很快,欽天監就擇定了吉日。大婚的禮儀非常地繁復,非常地折騰人。行納采禮時,姜永璉命王公以下,四品以上的官員都到林府上慶賀。林業忙著招待同僚,蘇氏忙著招待女眷,他們越是忙碌心里倒是越安慰,各項準備都按部就班地進行。到了大婚那一日,儀式更加隆重,林跡深大半夜就起來,沐浴更衣,聽憑眾人擺布,他出府的時候,林業與蘇氏都跪送,從此以后,便是自家父母對他也得行君臣大禮了。

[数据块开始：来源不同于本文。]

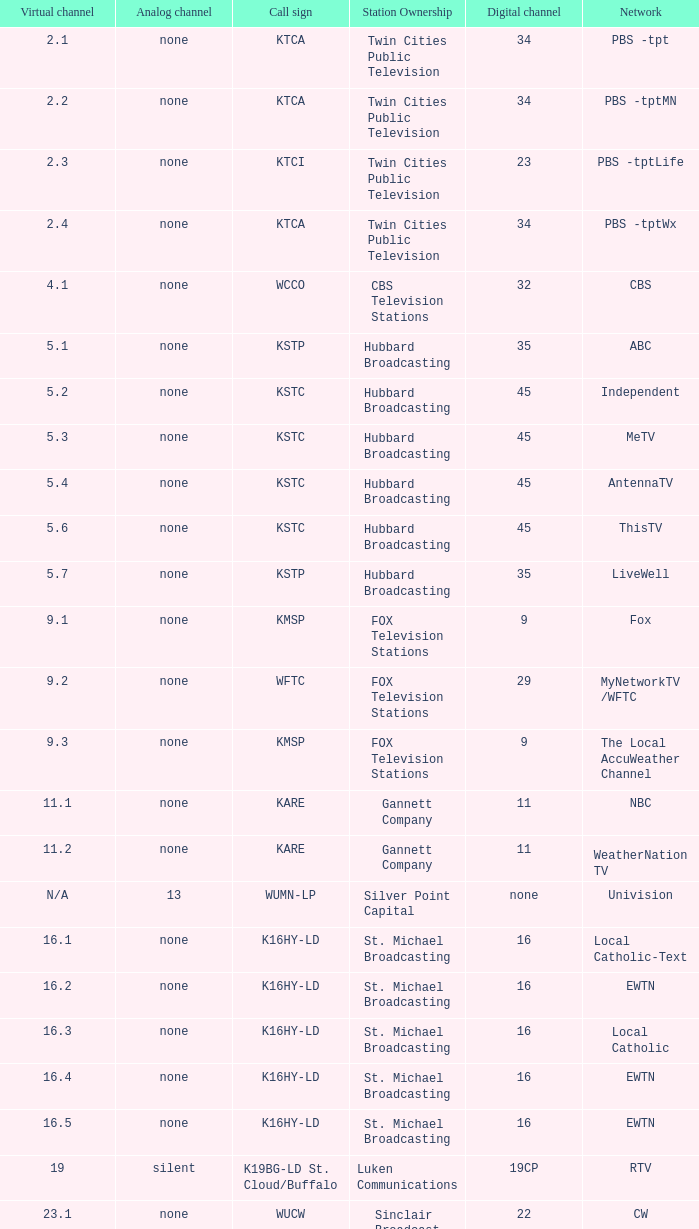Network of nbc is what digital channel? 11.0. 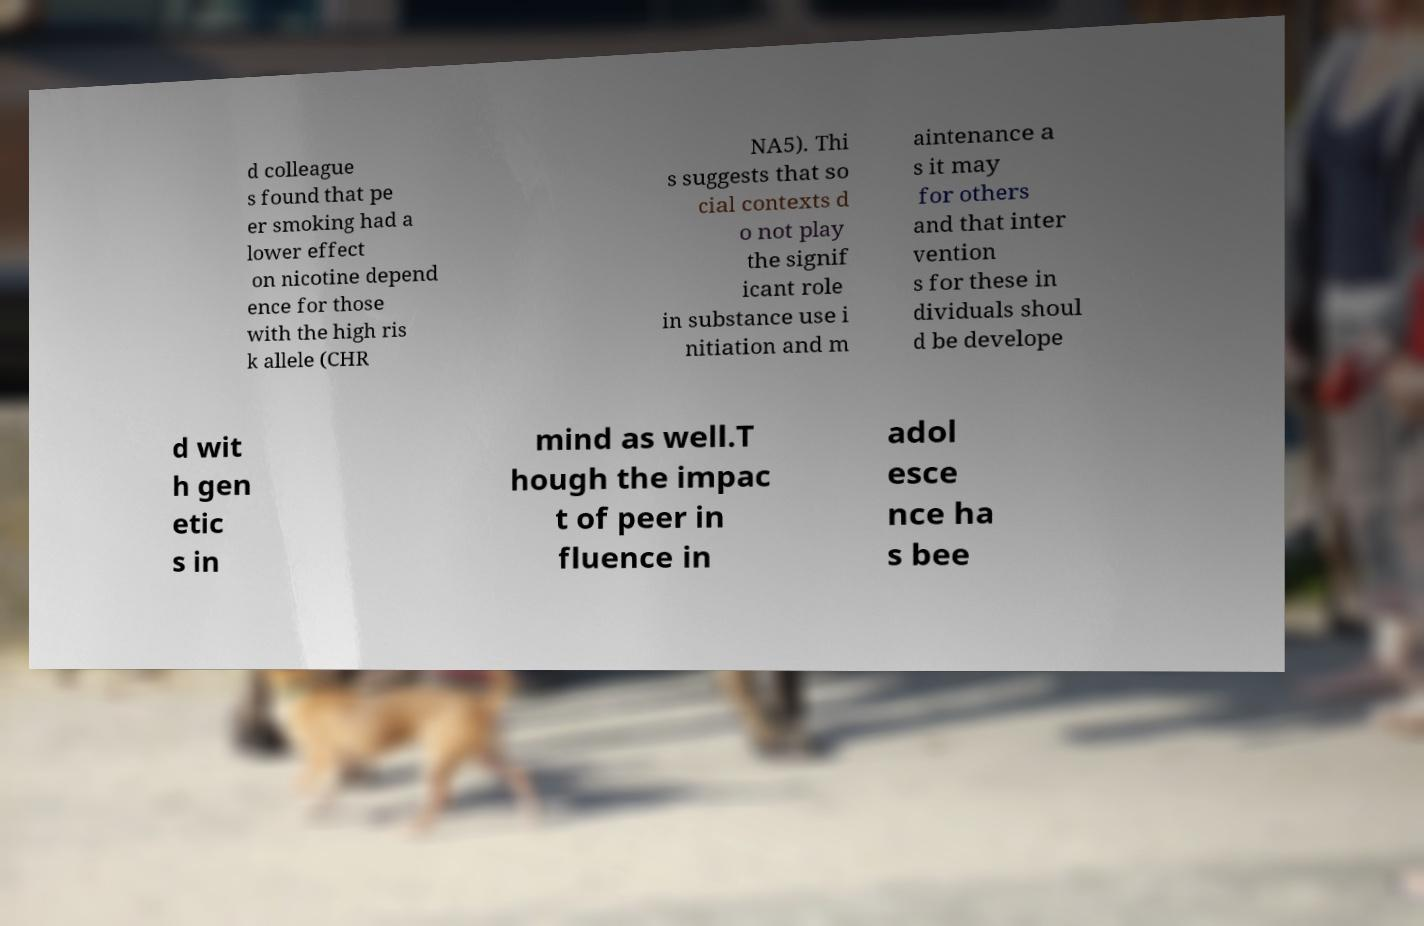For documentation purposes, I need the text within this image transcribed. Could you provide that? d colleague s found that pe er smoking had a lower effect on nicotine depend ence for those with the high ris k allele (CHR NA5). Thi s suggests that so cial contexts d o not play the signif icant role in substance use i nitiation and m aintenance a s it may for others and that inter vention s for these in dividuals shoul d be develope d wit h gen etic s in mind as well.T hough the impac t of peer in fluence in adol esce nce ha s bee

因為被大紅喜帕罩著,林跡深一路上都不辨東西南北,直到被引至坤寧宮東暖閣上的喜炕上坐著了,這才明白一路的繁文縟節終于是過去了。也不知道等了多久方聽到一陣細碎的腳步聲,他視線向下,緊接著便發現跟前多了一雙石青緞補絨云頭朝靴,罩在面上的喜帕被挑開了,不出意料便看到一張熟悉的臉,目之所及都是喜慶的顏色,處處錦繡,富貴無匹。林跡深抿嘴笑了笑,姜永璉整個人樂呵呵的,已經笑得眉不見眼。隨行的命婦都是宗室大臣中兒女雙全的全福人,她們有些在啟泰帝大婚時就伺候過,但畢竟沒伺候過親王,一時都很拘謹。姜永璉也不為難他們,讓她們放下餑餑就先退下了。
等她們一走,姜永璉就把頭上的吉服冠丟到一旁,同時又把林跡深的吉服冠也拿掉,便開始訴苦:“呼呼呼,這帽子也太重了,我今天頂著它可是磕了幾十個頭了,可累死我了。你累不累?”皇帝大婚前得去奉先殿、太廟祭拜,這么一圈下來實在耗體力。
林跡深笑著起身將兩頂吉服冠歸攏收好:“還好。”
姜永璉又累又餓,用銀筷子夾了個餑餑,夾到眼前瞅了瞅,就很嫌棄地把盤子推到一旁,他笑著倒在炕上:“哎,果然是生的。”
這其實是有典故的,以前帝后大婚,命婦們都會進餑餑,然后問皇后:“生不生?”然后皇后這時就要答:“生。”以此寓意將來開枝散葉,為皇家繁衍子嗣。但這回完全用不上啊。
姜永璉吐槽道:“可是不會變通。”
“按祖制做,也不算錯。”林跡深知道底下的人生怕擔了干系,日子久了便因循起來。
姜永璉笑得東倒西歪的,林跡深生怕他撞到,趕緊將炕桌挪到一旁。姜永璉一點一點地蹭過來,心滿意足地枕在林跡深的大腿上:“真像做夢一樣。那一天我同你父親說起這事的時候,我還擔心他會反對來著。”
“還請陛下多多體諒他們一些。”林跡深用手輕輕撫著姜永璉的鬢發,緩緩地解釋,“父親有些失落,母親雖然一時也有些難以接受,不過他們總是希望臣以后能得過好。除此之外,他們也別無所求了。”
臨進宮那陣子,蘇氏徹夜難眠,總是叮囑林跡深不要老是一副直脾氣,今后不要觸怒皇帝。總之,對他是一百個不放心。林跡深再三向蘇氏做了保證,他知道入宮意味著什么,他沒有反復掂量過得與失,他只知道如果推開那個人的話,他會后悔一輩子。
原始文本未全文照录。